For a seemingly innocuous punctuation mark, the Oxford comma generates a surprising amount of controversy. Otherwise known as the serial comma, the Oxford comma is written after the penultimate item in a list to prevent it from being grouped with the last item: ‘We bought apples, pears, and oranges’.

Detractors argue that Oxford commas are usually unnecessary. But failing to use one can change the meaning of a sentence with potentially confusing consequences. As the Guardian newspaper’s style guide points out, ‘I dedicate this book to my parents, Martin Amis, and JK Rowling’ does not mean the same as ‘I dedicate this book to my parents, Martin Amis and JK Rowling’.

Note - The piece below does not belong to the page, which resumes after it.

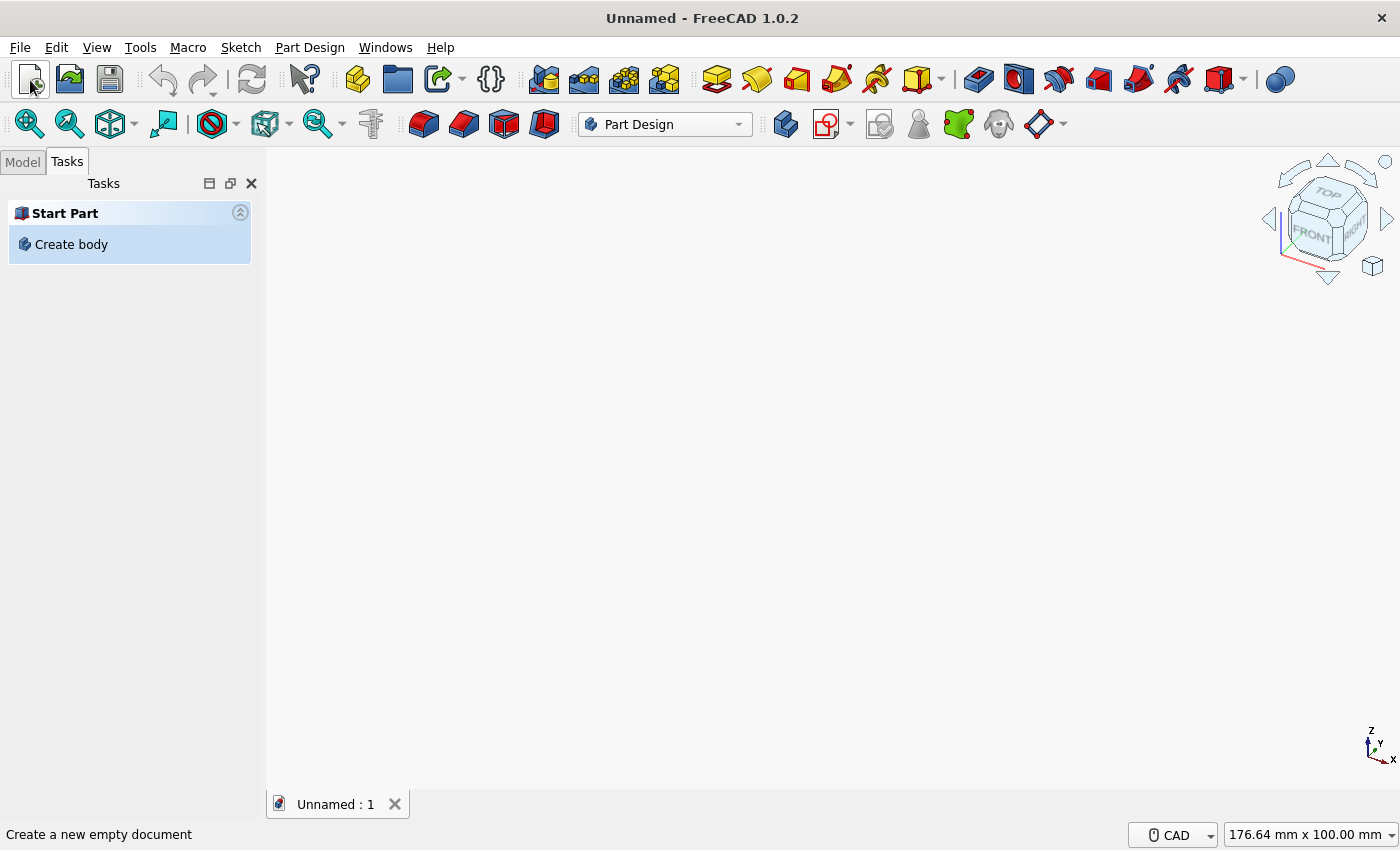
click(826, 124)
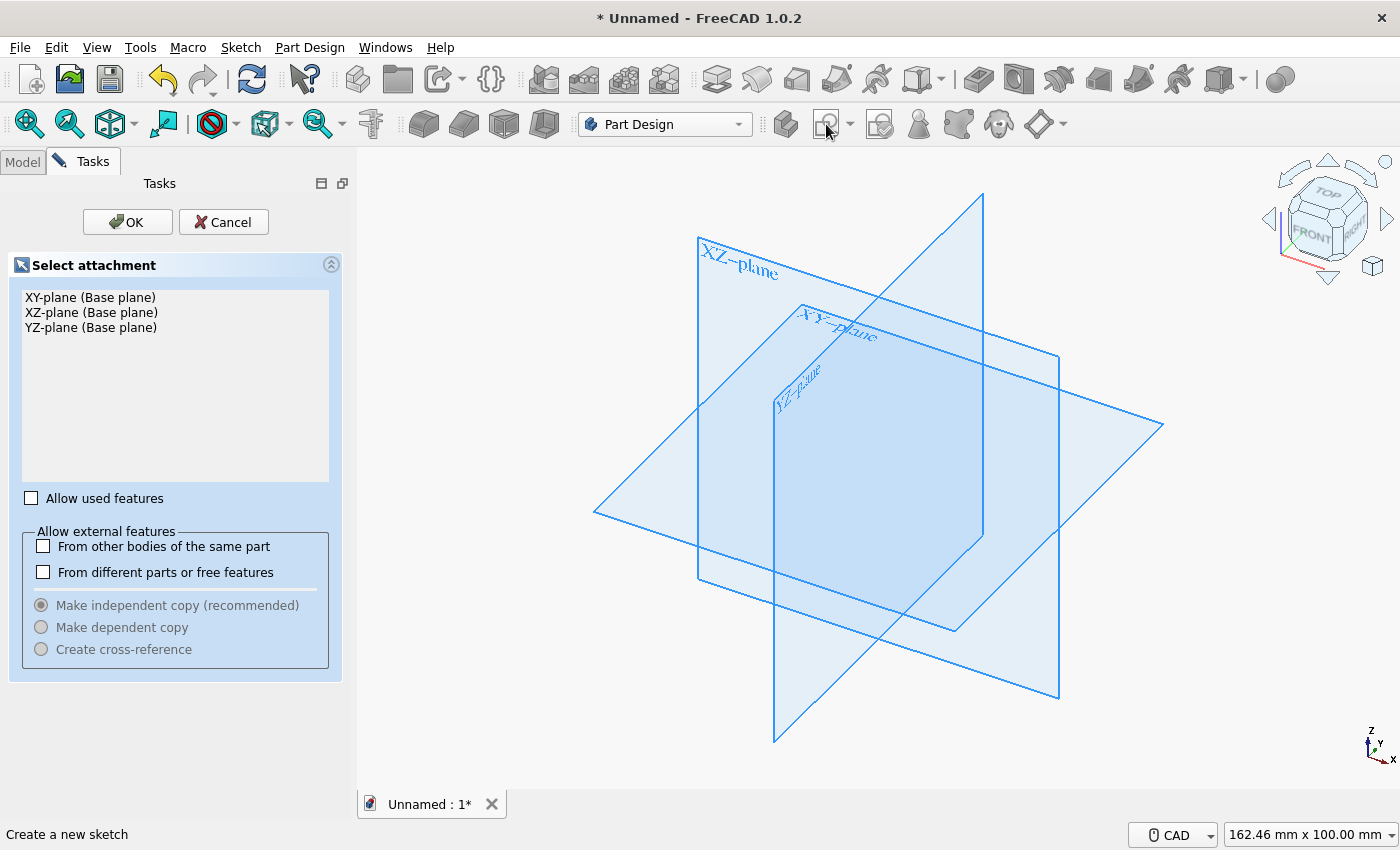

While many have long been aware of the Oxford comma’s importance, a dairy company in the US recently discovered it to their cost, as reported by the Guardian this week. The rules of the company state that employees will not be paid overtime for:

‘The canning, processing, preserving, freezing, drying, marketing, storing, packing for shipment or distribution of agricultural produce…’.

The firm’s delivery drivers argued that the absence of an Oxford comma after ‘packing for shipment’ meant that whereas the packing of items – for shipment or distribution – was excluded from overtime pay, the distribution of those items was not. An appeals court judge agreed with them, and the drivers could now collectively be owed millions of dollars in overtime, making this a very costly comma.